Advertisement

Geçen yılın ikinci yarısında Türkiye'nin kredi notunun yükseleceğine yönelik beklentiler artmıştı. Hatta, kredi notunun kredi verilebilir düzeye artabileceği dahi konuşuluyordu. Beklentiler çok da temelsiz değildi.

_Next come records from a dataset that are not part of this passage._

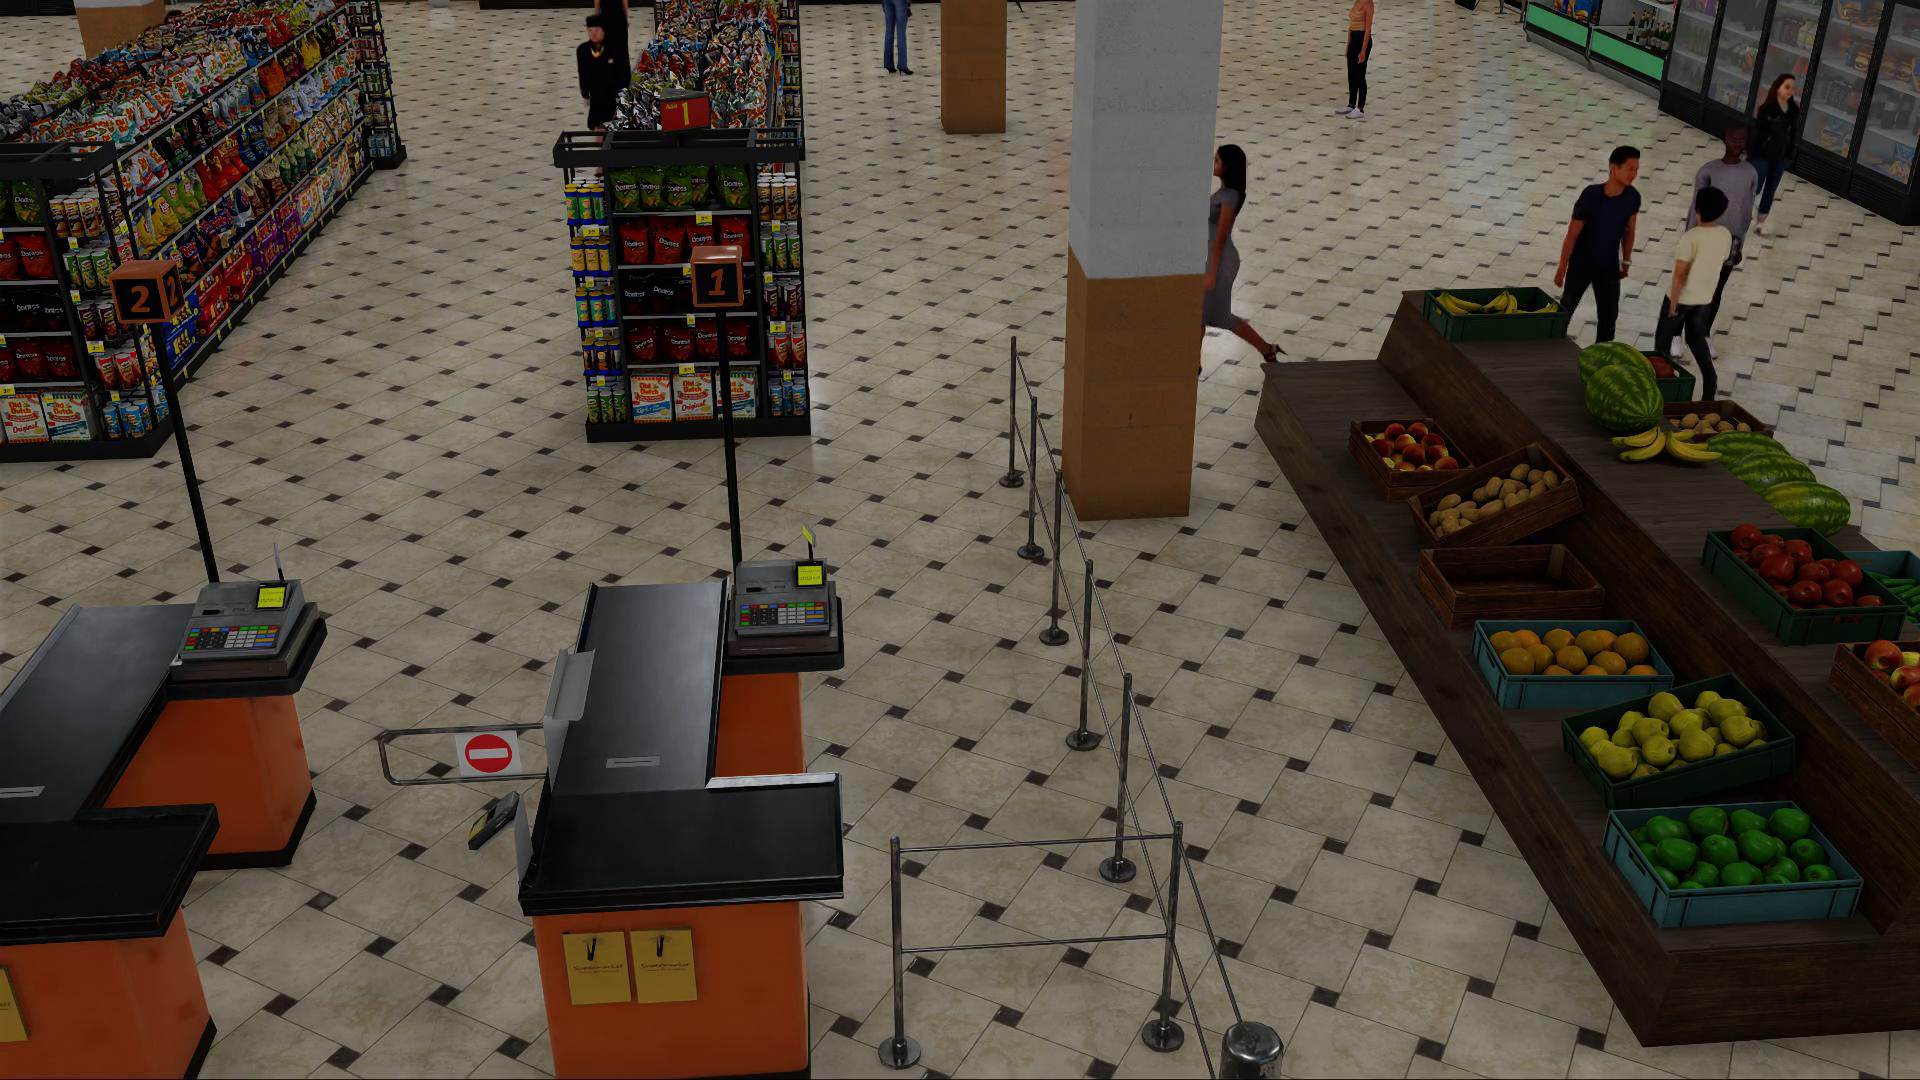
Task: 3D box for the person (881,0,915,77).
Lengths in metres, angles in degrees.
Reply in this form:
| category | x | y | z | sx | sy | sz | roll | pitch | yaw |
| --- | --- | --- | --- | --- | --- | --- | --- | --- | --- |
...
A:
| category | x | y | z | sx | sy | sz | roll | pitch | yaw |
| --- | --- | --- | --- | --- | --- | --- | --- | --- | --- |
| person | -0.850 | -7.092 | 22.035 | 0.695 | 1.795 | 0.750 | 20 | 33 | 34 |

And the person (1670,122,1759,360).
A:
| category | x | y | z | sx | sy | sz | roll | pitch | yaw |
| --- | --- | --- | --- | --- | --- | --- | --- | --- | --- |
| person | 5.675 | -2.254 | 12.520 | 0.640 | 1.772 | 0.578 | 1 | 27 | 3 |

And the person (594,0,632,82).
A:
| category | x | y | z | sx | sy | sz | roll | pitch | yaw |
| --- | --- | --- | --- | --- | --- | --- | --- | --- | --- |
| person | -4.463 | -6.614 | 21.402 | 0.608 | 1.516 | 0.584 | -7 | 28 | -13 |

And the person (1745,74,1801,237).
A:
| category | x | y | z | sx | sy | sz | roll | pitch | yaw |
| --- | --- | --- | --- | --- | --- | --- | --- | --- | --- |
| person | 7.527 | -3.603 | 15.513 | 0.563 | 1.471 | 0.787 | -2 | 27 | -4 |

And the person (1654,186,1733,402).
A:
| category | x | y | z | sx | sy | sz | roll | pitch | yaw |
| --- | --- | --- | --- | --- | --- | --- | --- | --- | --- |
| person | 5.116 | -1.652 | 11.557 | 0.669 | 1.569 | 0.931 | -7 | 28 | -14 |

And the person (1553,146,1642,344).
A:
| category | x | y | z | sx | sy | sz | roll | pitch | yaw |
| --- | --- | --- | --- | --- | --- | --- | --- | --- | --- |
| person | 4.564 | -1.997 | 12.048 | 0.740 | 1.741 | 1.011 | 1 | 27 | 2 |

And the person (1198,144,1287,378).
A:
| category | x | y | z | sx | sy | sz | roll | pitch | yaw |
| --- | --- | --- | --- | --- | --- | --- | --- | --- | --- |
| person | 1.946 | -1.903 | 11.848 | 0.753 | 1.754 | 1.019 | 2 | 27 | 3 |

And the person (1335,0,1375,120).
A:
| category | x | y | z | sx | sy | sz | roll | pitch | yaw |
| --- | --- | --- | --- | --- | --- | --- | --- | --- | --- |
| person | 4.755 | -5.870 | 19.811 | 0.657 | 1.627 | 0.484 | -6 | 28 | -13 |

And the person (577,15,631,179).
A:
| category | x | y | z | sx | sy | sz | roll | pitch | yaw |
| --- | --- | --- | --- | --- | --- | --- | --- | --- | --- |
| person | -3.634 | -4.577 | 17.247 | 0.788 | 1.640 | 1.054 | 1 | 27 | 2 |

Gelişmekte olan ülkeler enflasyon tehdidi ile mücadele ederken, Türkiye'de yılın başlarında enflasyonun düşeceği biliniyordu. Gelişmekte olan ülkeler içinde Türkiye en hızlı büyüyen ülkelerden biriydi. Tek sorun artan cari işlemler açığıydı. Bu konuda bir şeyler yapılabilirse, kredi notu artabilirdi. Piyasalar o dönemde bu beklentiyi satın aldılar.

UYUM SERT OLABİLİR
Cari işlemler açığının artması finansal istikrara tehdit olarak tanımlandı. Finansal istikrar olmadan fiyat istikrarının olamayacağı vurgulandı. Dolaylı yoldan ödemeler dengesi gelişmeleri de para politikasının radarı içine alındı. Sonuçta, cari işlemler açığındaki artışı dizginlemeye yönelik birtakım parasal önlemler alındı. Piyasalar önce bu adımları olumlu buldular. Kredi notunun artmasına yönelik beklentiler daha da arttı.

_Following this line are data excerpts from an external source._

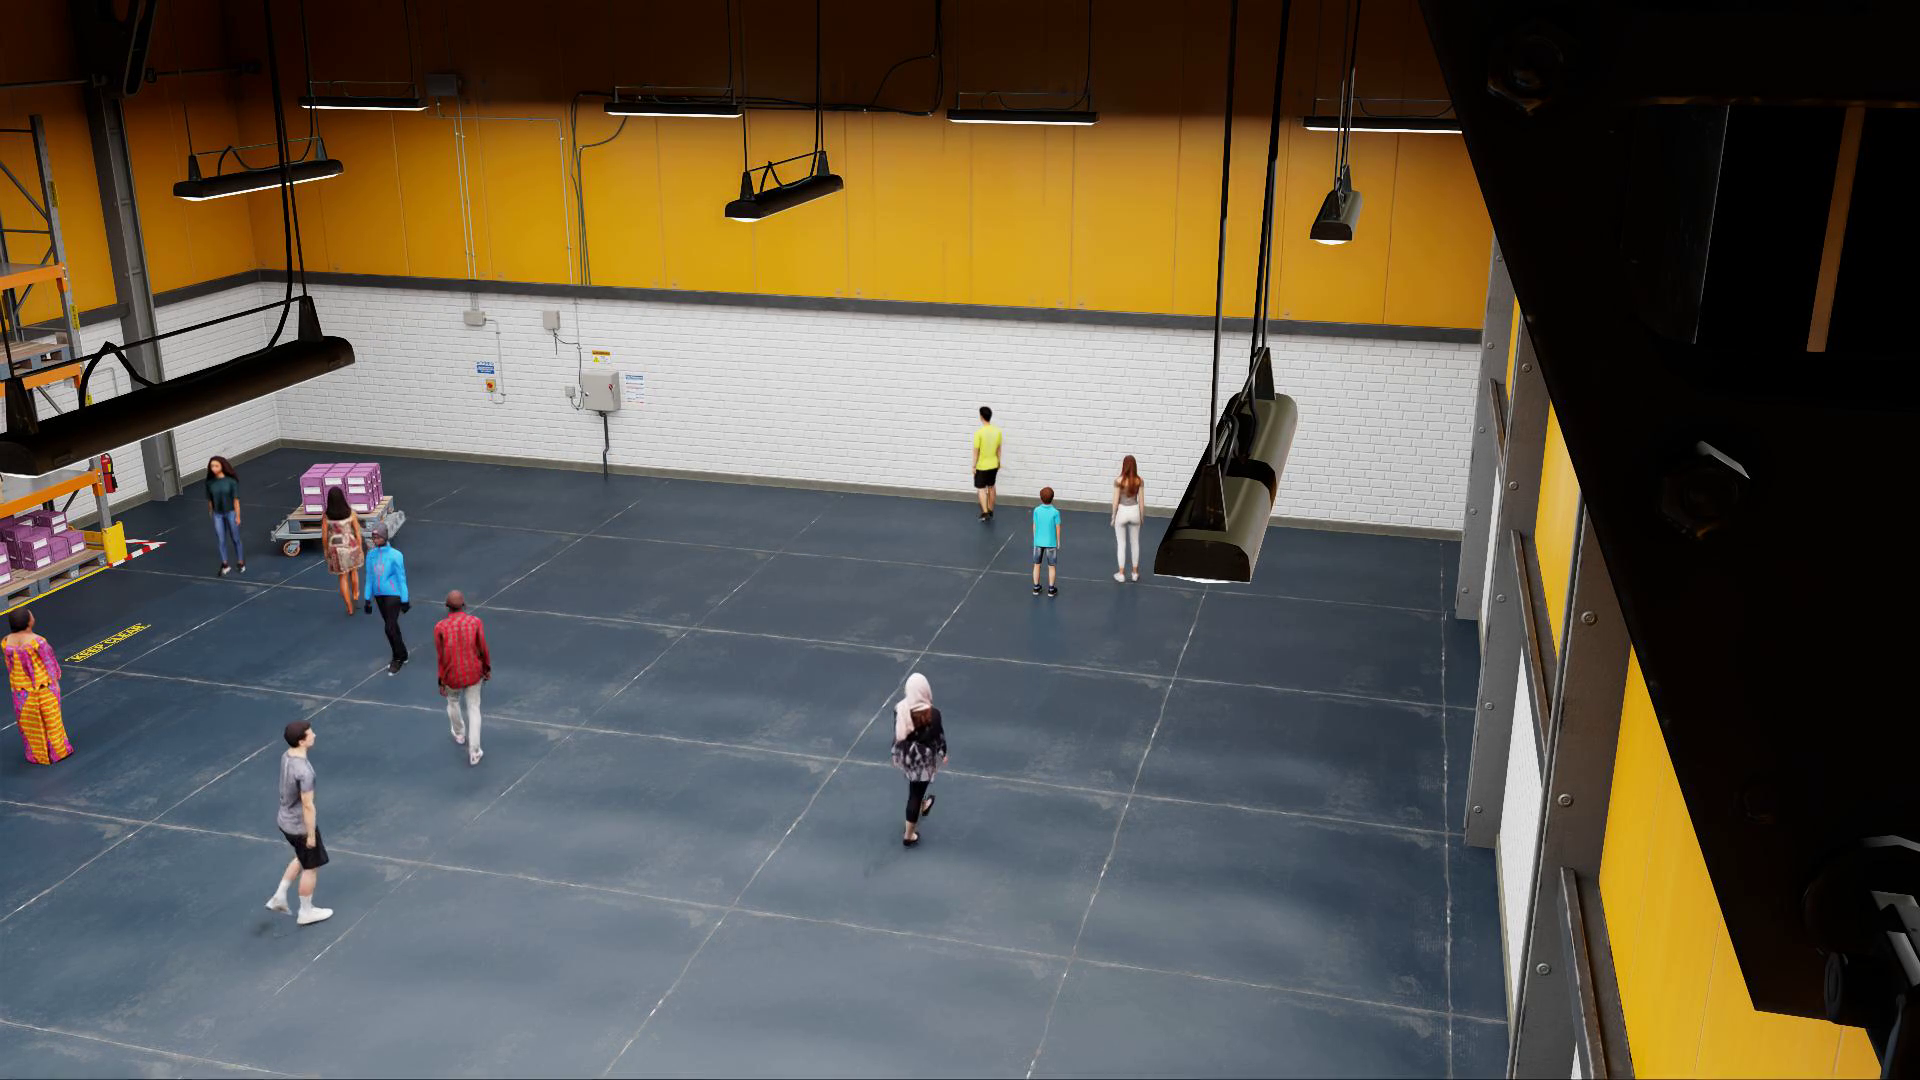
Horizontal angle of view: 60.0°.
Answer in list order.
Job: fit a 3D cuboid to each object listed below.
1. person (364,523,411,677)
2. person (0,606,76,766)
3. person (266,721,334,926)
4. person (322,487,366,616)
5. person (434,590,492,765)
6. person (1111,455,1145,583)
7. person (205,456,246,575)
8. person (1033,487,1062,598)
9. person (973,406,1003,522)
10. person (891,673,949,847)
[{"bbox_3d":[-6.528,0.631,19.201,0.651,1.779,0.777,8,20,22],"label":"person"},{"bbox_3d":[-9.425,1.441,16.942,0.688,1.686,0.700,2,19,5],"label":"person"},{"bbox_3d":[-5.591,2.386,13.889,0.963,1.843,0.900,-15,24,-37],"label":"person"},{"bbox_3d":[-7.733,0.153,20.863,0.946,1.624,1.042,-8,20,-22],"label":"person"},{"bbox_3d":[-5.035,1.407,16.876,1.029,1.792,1.176,-6,20,-18],"label":"person"},{"bbox_3d":[2.223,-0.294,22.033,0.667,1.724,0.649,-3,19,-9],"label":"person"},{"bbox_3d":[-9.877,-0.350,22.367,0.689,1.617,0.711,-2,19,-7],"label":"person"},{"bbox_3d":[1.105,0.009,21.567,0.508,1.448,0.479,5,19,15],"label":"person"},{"bbox_3d":[0.408,-1.135,24.539,0.831,1.718,0.892,-10,21,-27],"label":"person"},{"bbox_3d":[-0.425,2.046,15.275,0.775,1.603,1.071,9,21,26],"label":"person"}]

Mayıs ayının son gününe geldik. Geçen yılın sonlarında abartılan beklentilerin şimdi çok gerçekçi olmadığı anlaşıldı. Evdeki hesap çarşıda tutmadı. Cari işlemler açığı dizginlenemedi, aksine artış hızlandı. Yalnızca mart ayında cari işlemler açığının 10 milyar dolara yakın çıkması moralleri bozdu. Büyük bir olasılıkla nisan ayında da cari işlemler açığı buna yakın, hatta daha yüksek çıkabilecek. Artan cari işlemler açığının bir sorun olduğu zaten biliniyordu, ama bilinen sorun şimdi daha fazla konuşulmaya başlandı. Sorun göze batar hale geldi. Sorun göze batmasın diye alınan önlemler sorunu göze batırmaya başladı.
Beklentiler gerçekleşmedi. Olumlu beklentilerle yapılan yatırımlardan çıkılmaya başlandı. Şimdi, Türkiye ekonomisinin diğer gelişmekte olan ülkelerden olumsuz anlamda ayrışması söz konusu. Bu iyi bir gelişme değil.

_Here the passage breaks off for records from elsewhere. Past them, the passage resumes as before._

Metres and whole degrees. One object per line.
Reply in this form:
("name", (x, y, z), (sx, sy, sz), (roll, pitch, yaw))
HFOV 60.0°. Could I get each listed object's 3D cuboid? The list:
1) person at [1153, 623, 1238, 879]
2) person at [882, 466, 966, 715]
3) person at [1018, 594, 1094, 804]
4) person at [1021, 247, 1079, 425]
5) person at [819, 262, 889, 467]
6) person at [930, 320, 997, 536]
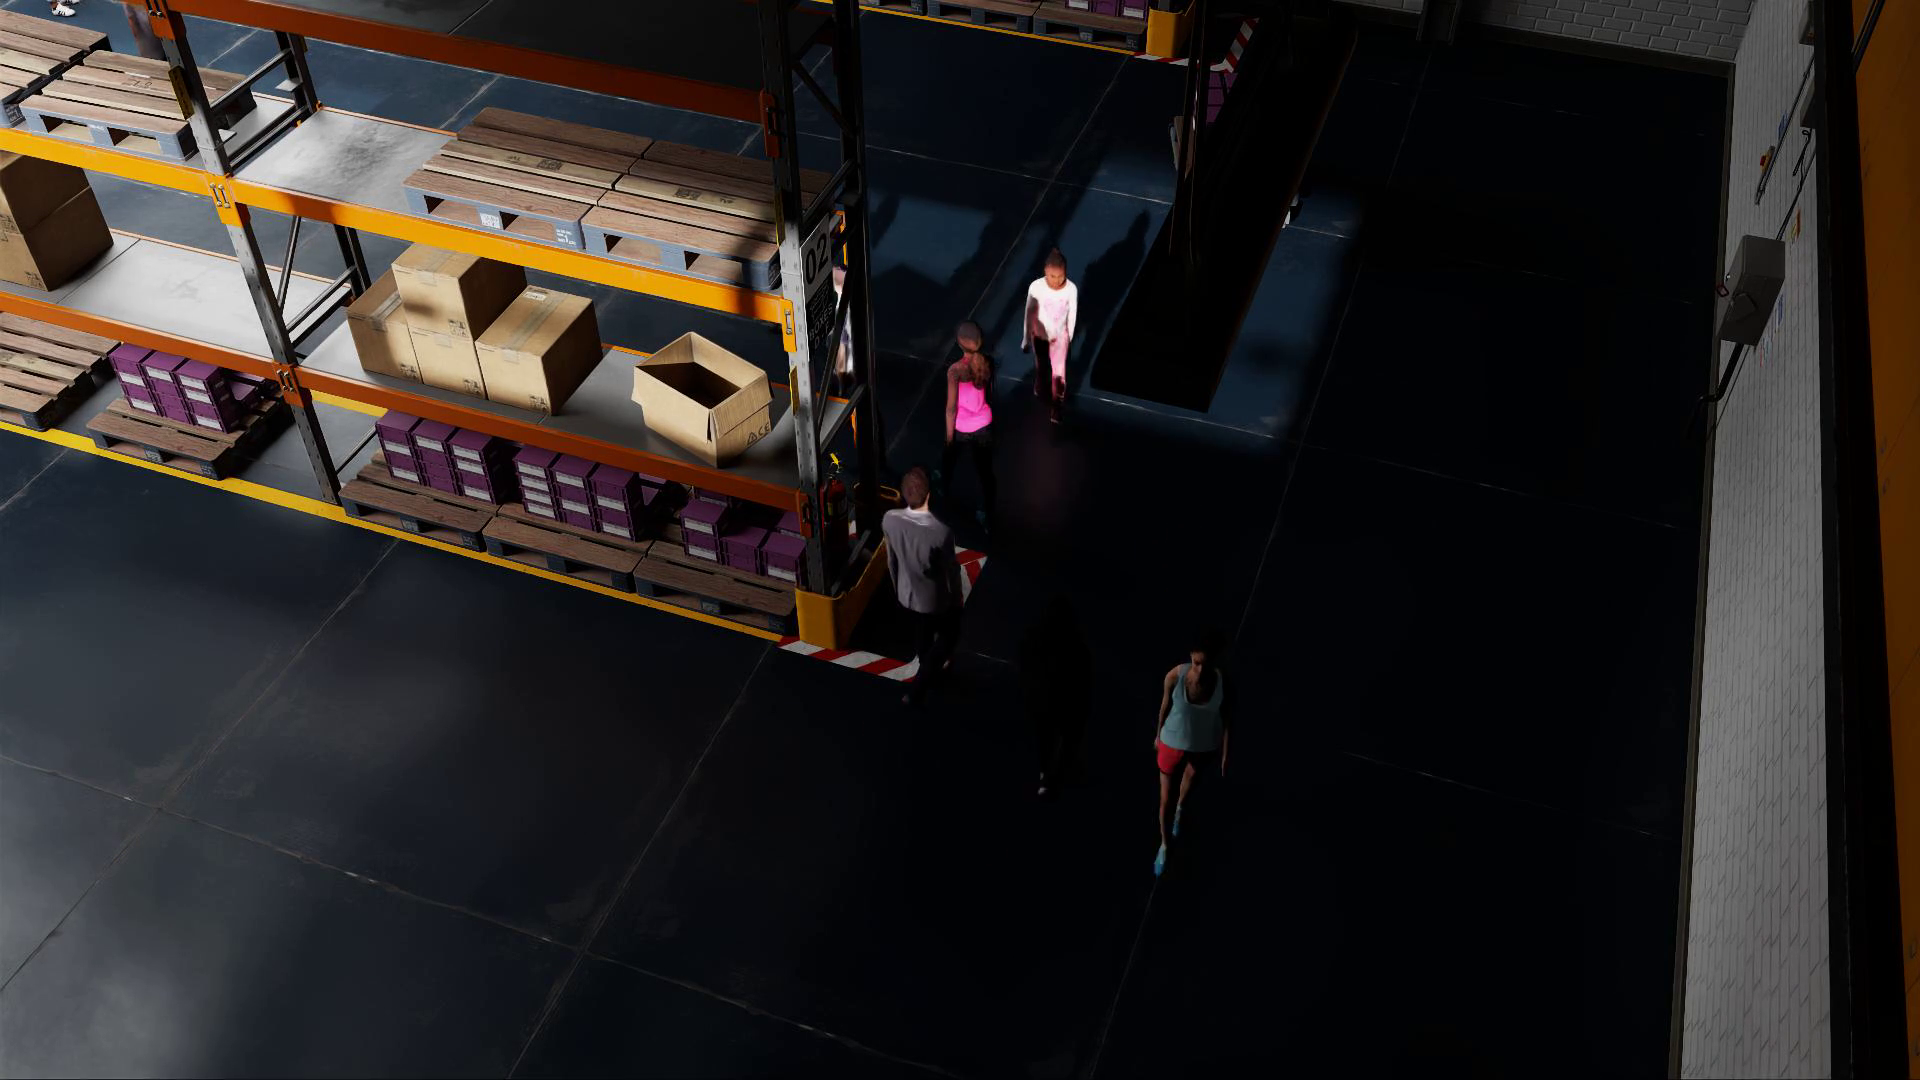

Amerika'daki ekonomik verilerin beklenenden kötü gelmesi ve Avrupa'nın borç sorunu gibi gelişmeler zaten uluslararası yatırımcıların risk iştahını köreltiyor. Gelişmekte olan ülkelere giden yabancı sermaye hacmi düşüyor. Böyle bir ortamda Türkiye'den yabancı sermaye çıkışları yaşanıyor.
Kendi politikalarımızla dizginleyemediğimiz cari işlemler açığı dış finansmandaki zorluklar nedeniyle dizginlenebilir. Ama, bu süreçte döviz kurlarındaki oynaklıklar arzulanmayan boyutlarda artabilir. Faizler istemesek de yükselebilir. Ekonomik büyüme hızla düşebilir. Kısacası, dış piyasaların dayatmasıyla oluşacak yeni dengeye uyum sert olabilir.

İŞE YARAYAN ÖNLEMLER GEREKECEK
Merkez Bankası'nın günlük döviz alım programında sembolik bir kısıntıya gitmesi bu çerçevede değerlendirildiğinde, olumsuz dış şartların devamı halinde, Merkez Bankası'nın yeni dengeye uyumu elden geldiğince yumuşatmaya çalışacağı anlaşılıyor. Döviz alım programı durdurulabilir, hatta döviz satım programı başlatılabilir. Döviz rezervlerini artırmaya yönelik eski olumlu ortam giderek bozulmaya başladı.
Bozulan ortam kredi genişlemesini azaltabilir. Ekonomik büyüme arzulamadığımız düzeylere düşebilir. Dolayısıyla, ithalat talebi azalıp dış ticaret ve cari işlemler açığı dizginlenmiş görünümü verebilir. Ama, gerçekleşirse, bunların hiçbiri geçen yılın kasım ayından bu yana uygulamaya konan parasal önlemlerin sonucu değil. Aksine, Türkiye ekonomisine yönelik ortamın bozulmasının çok büyük bir nedeni işe yaramayan parasal önlemlerin devreye sokulmuş olmasıdır. Bozulan ortamda yeni dengenin mümkün olduğunca daha az sancılı olabilmesi için işe yarayan önlemlerin devreye girmesi kaçınılmaz olacaktır.